Foveated Video

Approach

One interesting aspect of the project is to capture a representation of a remote location with nonuniform resolution. Due to camera and bandwidth limitations, we cannot create a single high-resolution image representing the environment. However, we can allocate resources on a global and local scale to direct the areas of high-resolution. While one camera with a wide field of view captures the macroview of the environment, one or more cameras with a smaller field of view obtain a high-resolution image of portions of the environment. Because these cameras can pan, tilt, and zoom, their foveated vision moves across the environment. In this way, they can concentrate image resolution on objects of interest.

To construct these nonuniform resolution representations, we must merge these overlapping video streams into one conceptual image. The macroview image is used as the basis of the representation, and the microview images are registered into the macroview. Registration will be aided with intrinsic camera calibration and the pan-tilt-zoom parameters of the microcameras. This information will aid in localizing and warping the microviews for a seamless fit in the macroview.

The views from the cameras are transmitted as separate video streams and are merged together at the receiver (lecture location) side. The lecturer normally sees the mactoview of the audience at the remote location, but has the option to zoom in at particular portions of the image and obtain a clearer view of a person asking question, for example. If the user also has control over the motion of the moving cameras, he can zoom in at any part of the image.
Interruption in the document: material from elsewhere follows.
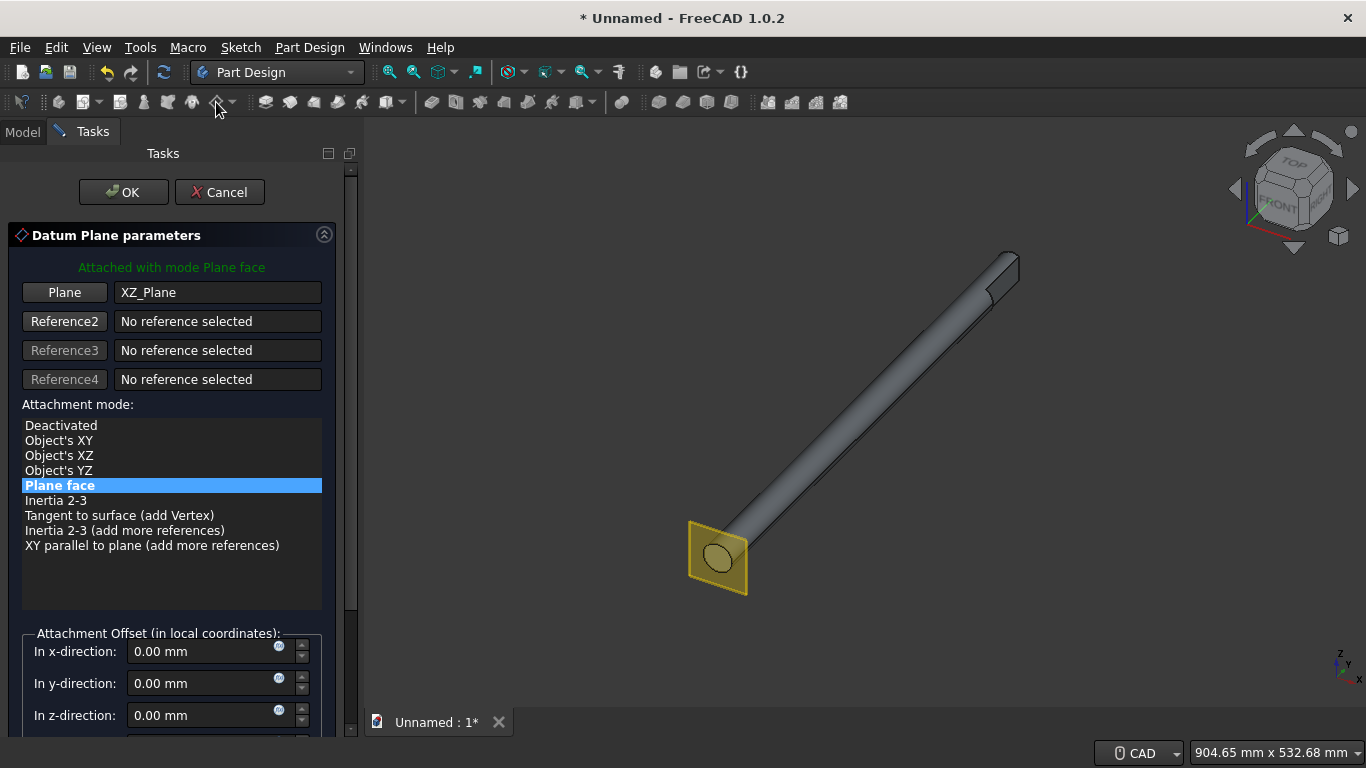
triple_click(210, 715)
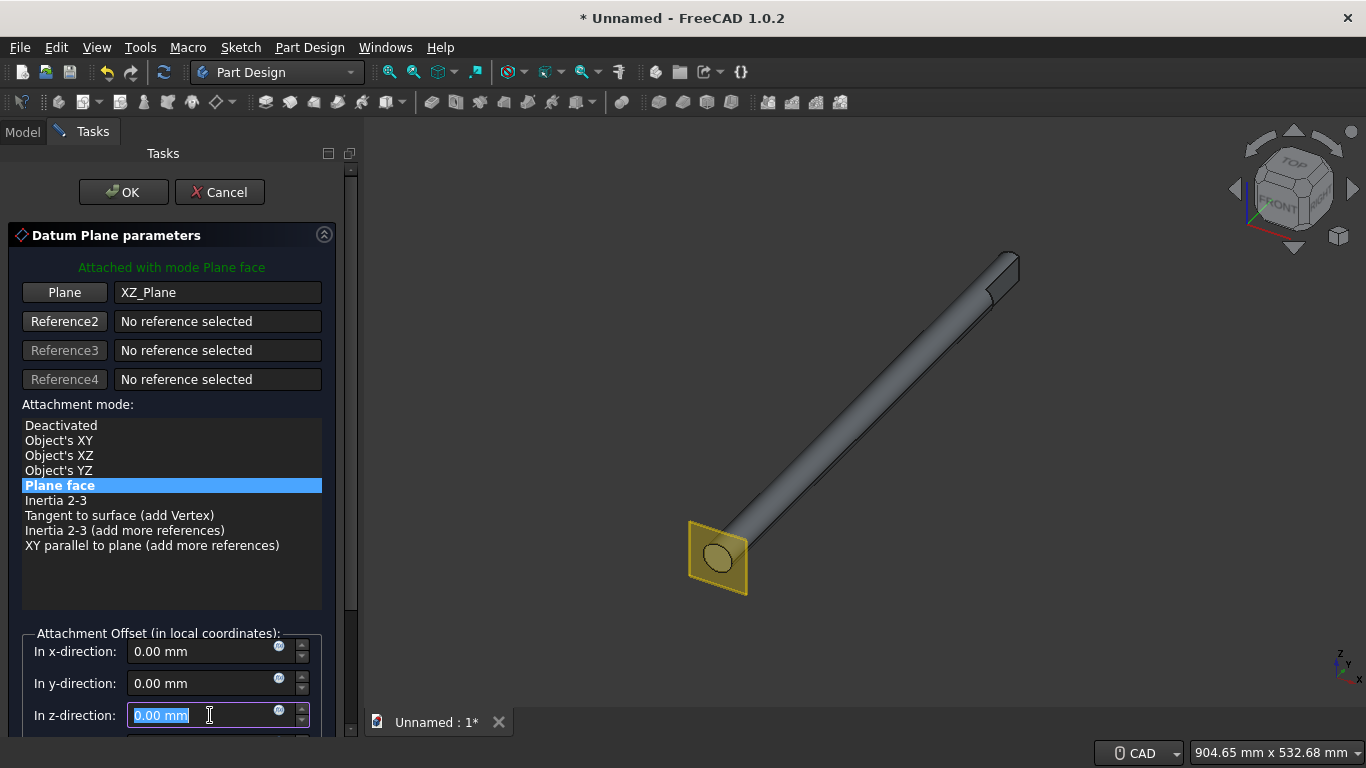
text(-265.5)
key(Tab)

Otherwise, an attempt to magnify a region where no hi-resolution data is available, will result in a blury picture.

Challenges

A big challenge is determining accurate registration of the microviews within the macroview. Several phenomena can make this difficult. First, the cameras will have different lenses, each imposing a different warp on the objects. Camera calibration will help us remove those effects. Second, the images may have differing brightness due to distinct camera responses. These brightness discontinuities must be smoothed to create a coherent appearance. Finally, the pan-tilt-zoom parameters of each microcamera must be mapped into a global parameter system. In some sense, this is extrinsic camera calibration because we must determine the relationship between all the microcameras and the macrocamera in order to interpret the pan-tilt-zoom parameters.

Merging the video streams from the different cameras also poses some challenges. The integration of the images should be seamless, or at least tolerable by the user. This is especially true for the parts of the picture where there is a transition from hi-res to lo-res video. On the other hand, it might be convenient to be able to spotlight a speaking person whose image is being captured in a hi-res video stream, thereby taking advantage of the resolution difference with the rest of the image. There are probably other choices regarding the user interface that need to be explored. It is concievable that the hi-res images can be cached, i.e., if a portion of the picture was zoomed in at some point, but no changes occure in that region afterwards, then the last hi-res view of that region is still valid. Probably the greatest challenge, is that the process of merging the video streams must be done in real time.